> [Exercise instructions]: Leave out the pictures, and reproduce exactly the lines from the line containing "Task: Point to" through the final line of the entries.

> [Data for review]:
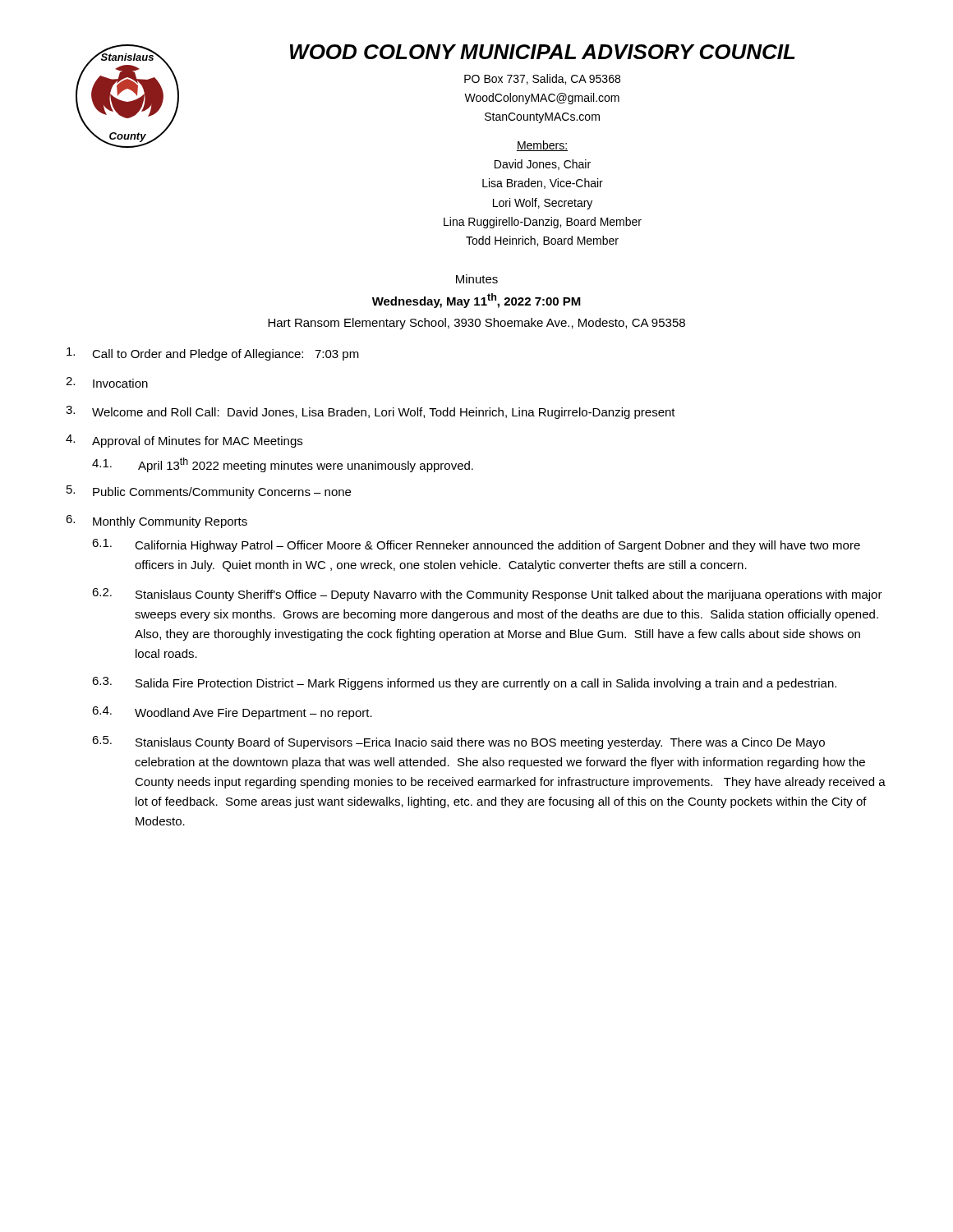This screenshot has width=953, height=1232.
Task: Click on the block starting "4. Approval of Minutes for MAC Meetings"
Action: 476,454
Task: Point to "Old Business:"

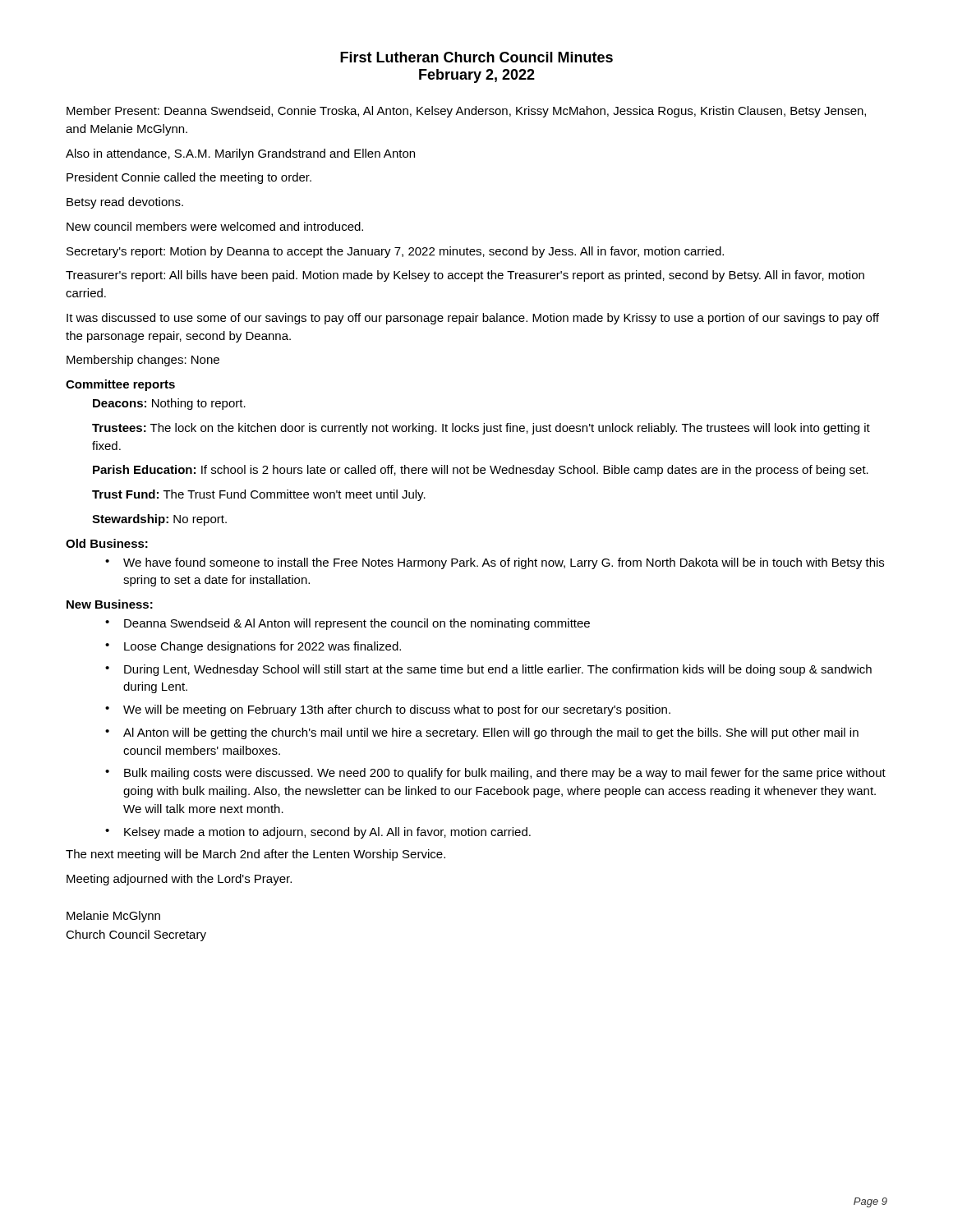Action: click(107, 543)
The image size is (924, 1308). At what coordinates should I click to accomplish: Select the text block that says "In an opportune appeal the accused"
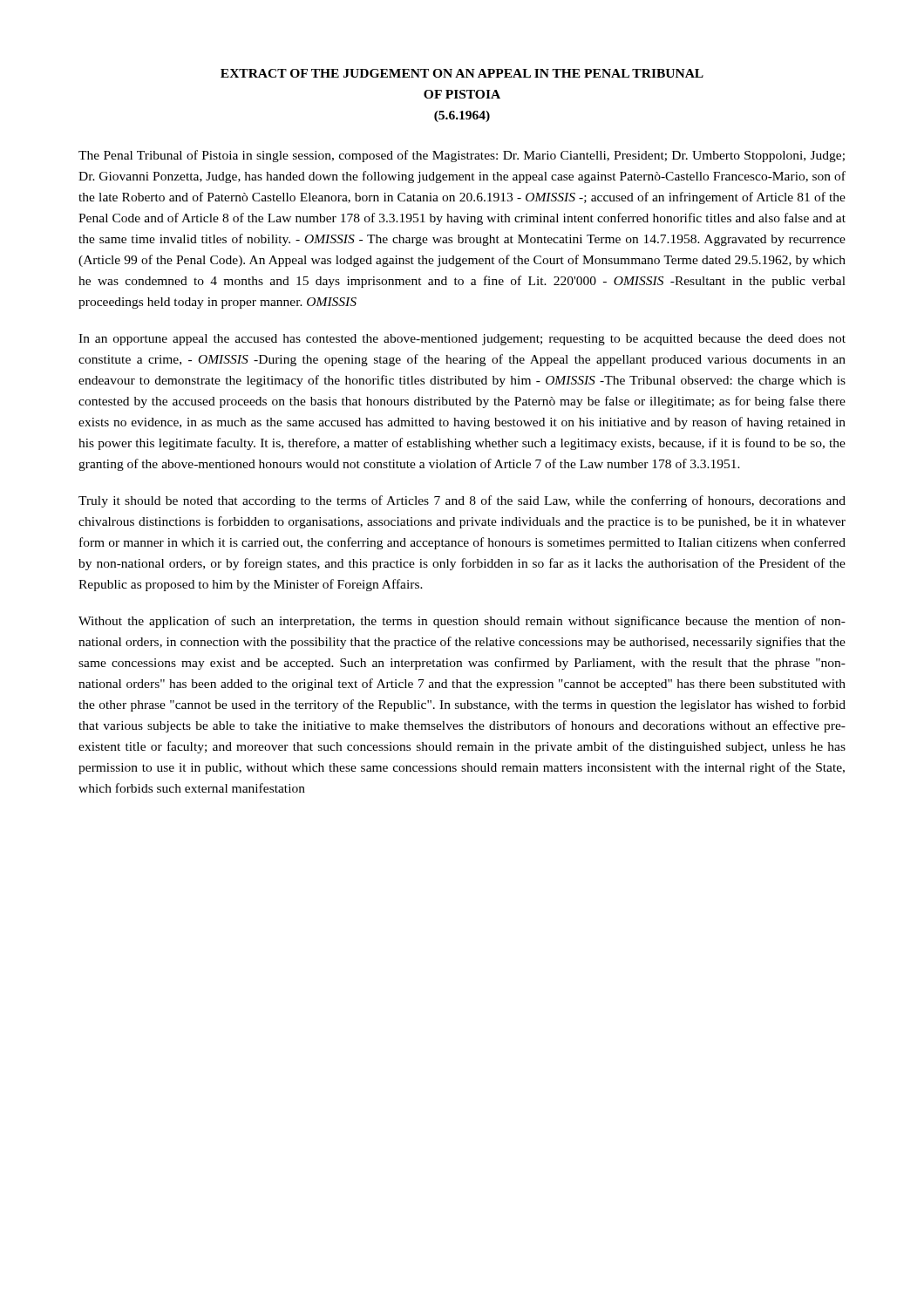462,401
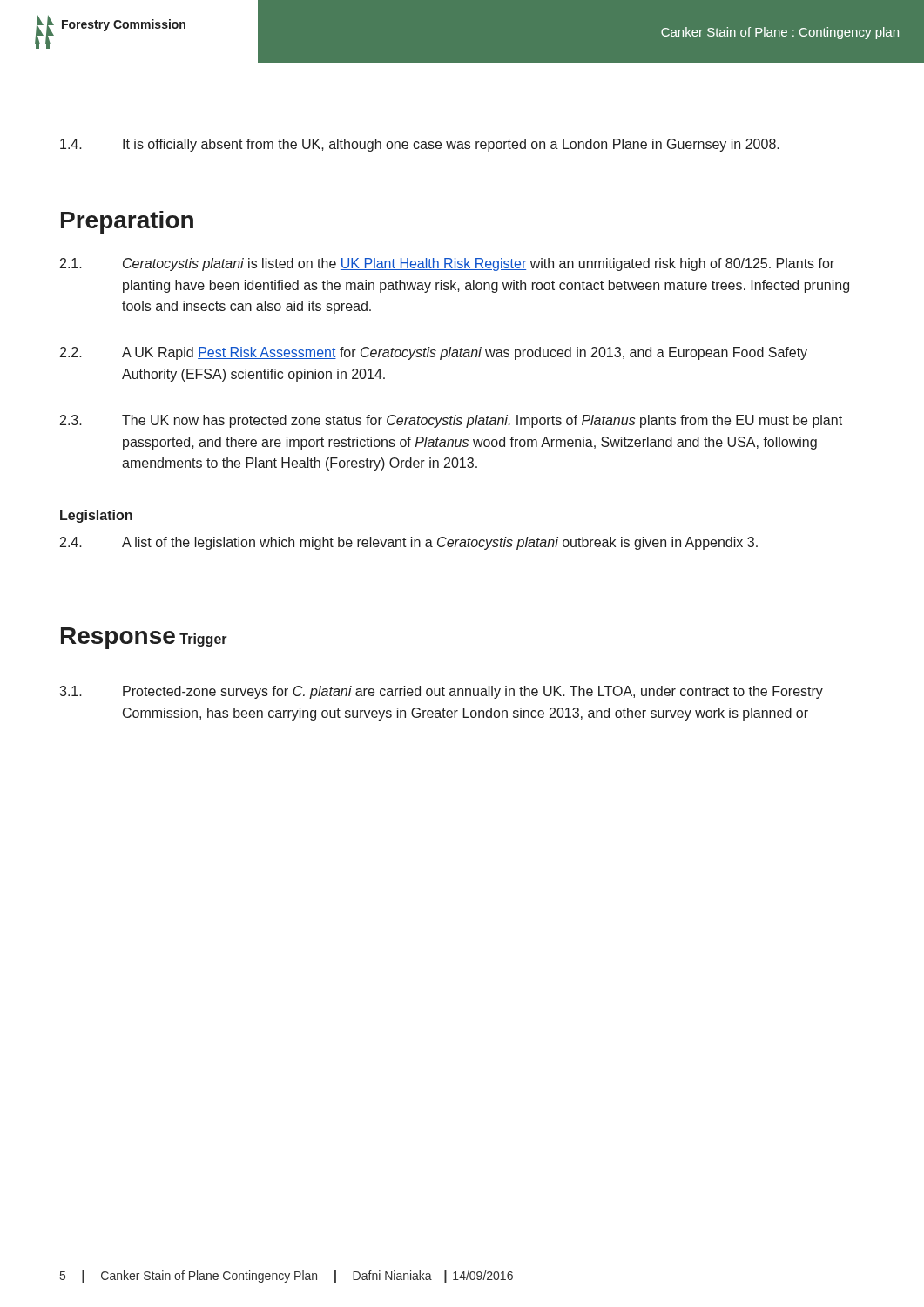Viewport: 924px width, 1307px height.
Task: Click on the block starting "2.1. Ceratocystis platani is listed on the UK"
Action: (462, 286)
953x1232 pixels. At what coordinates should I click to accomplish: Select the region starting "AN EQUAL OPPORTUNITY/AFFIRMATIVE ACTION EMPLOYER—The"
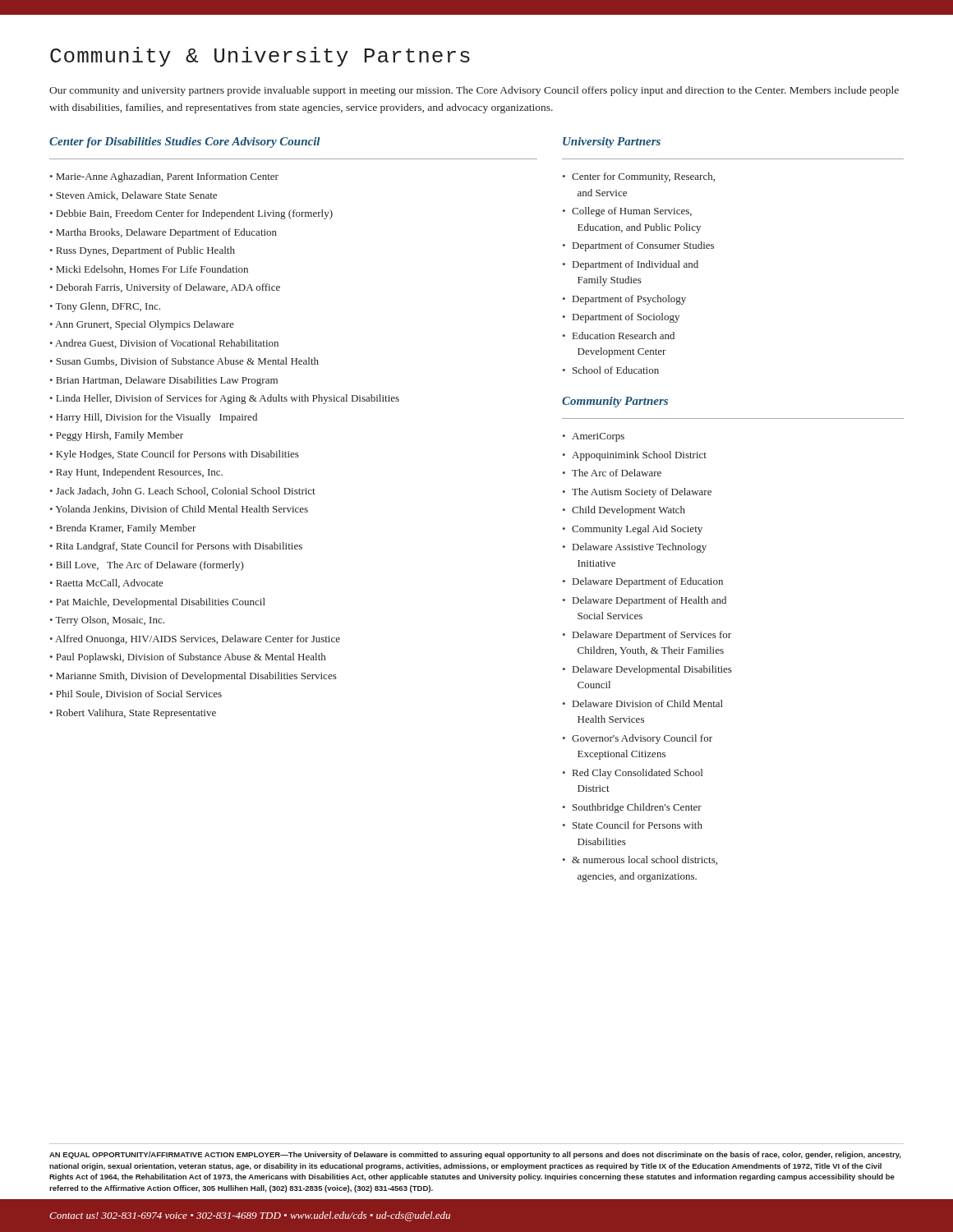pyautogui.click(x=475, y=1171)
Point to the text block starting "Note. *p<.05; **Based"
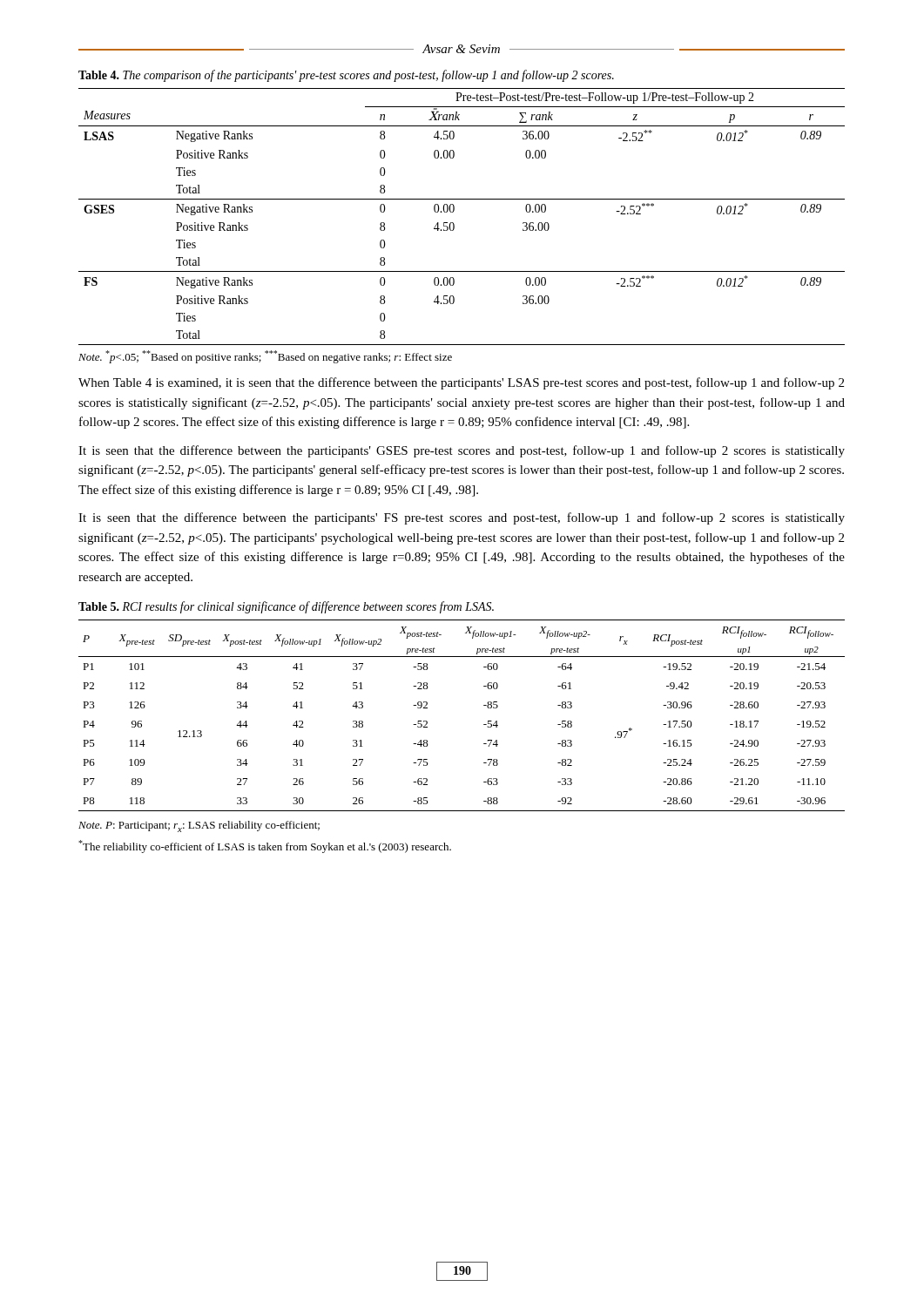The height and width of the screenshot is (1307, 924). point(265,356)
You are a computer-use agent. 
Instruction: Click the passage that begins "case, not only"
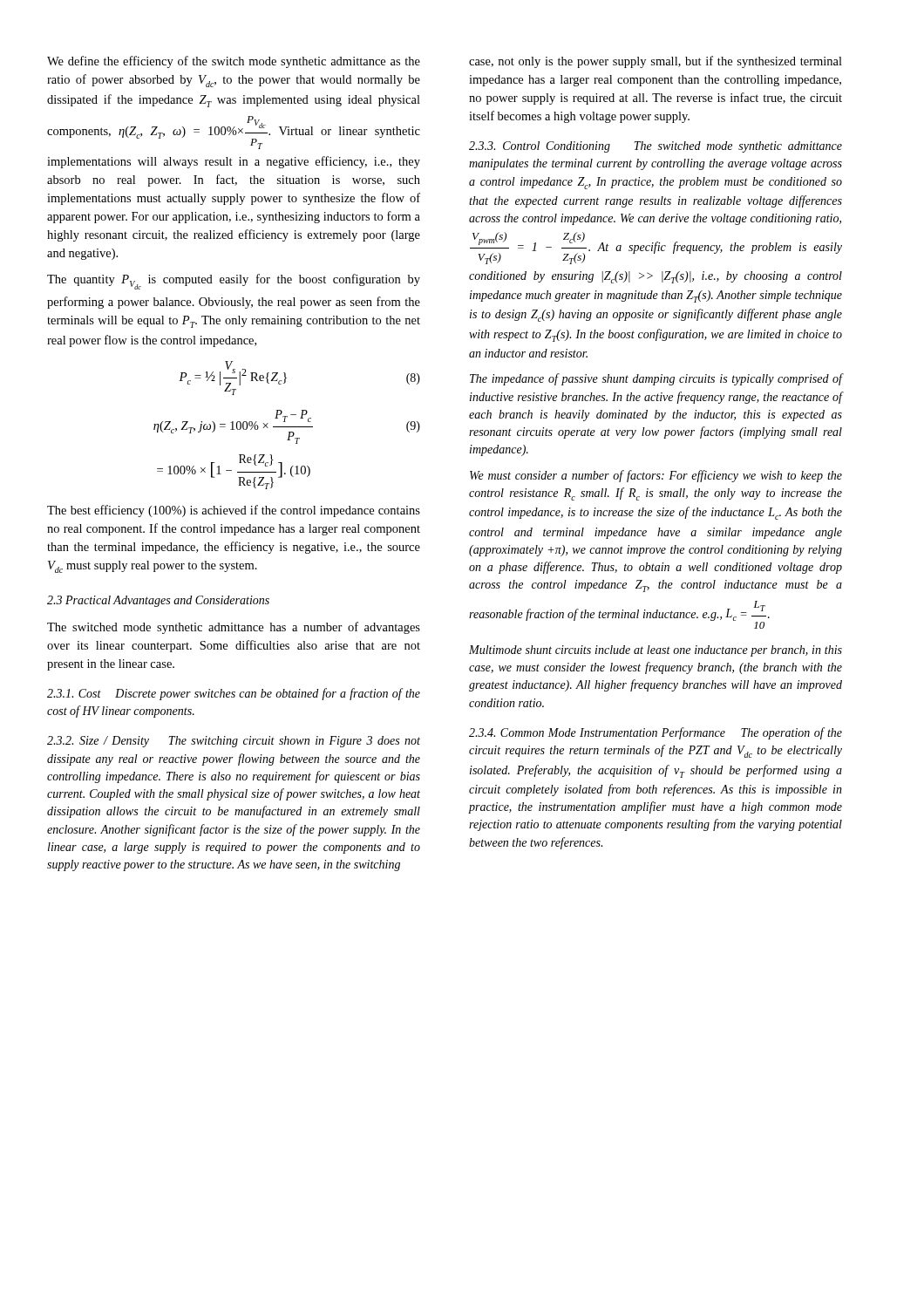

> [Task result]:
Task: Point to "Old Business:"

Action: click(107, 543)
The image size is (924, 1308). At what coordinates should I click to accomplish: Select the text block that says "In an opportune appeal the accused"
462,401
Viewport: 924px width, 1307px height.
Task: Click on the block starting "2.1. Ceratocystis platani is listed on the UK"
Action: (462, 286)
953x1232 pixels. At what coordinates should I click to accomplish: Select the region starting "AN EQUAL OPPORTUNITY/AFFIRMATIVE ACTION EMPLOYER—The"
pyautogui.click(x=475, y=1171)
Point to the text block starting "Note. *p<.05; **Based"
The height and width of the screenshot is (1307, 924). point(265,356)
You are a computer-use agent. 
Instruction: Click the passage that begins "case, not only"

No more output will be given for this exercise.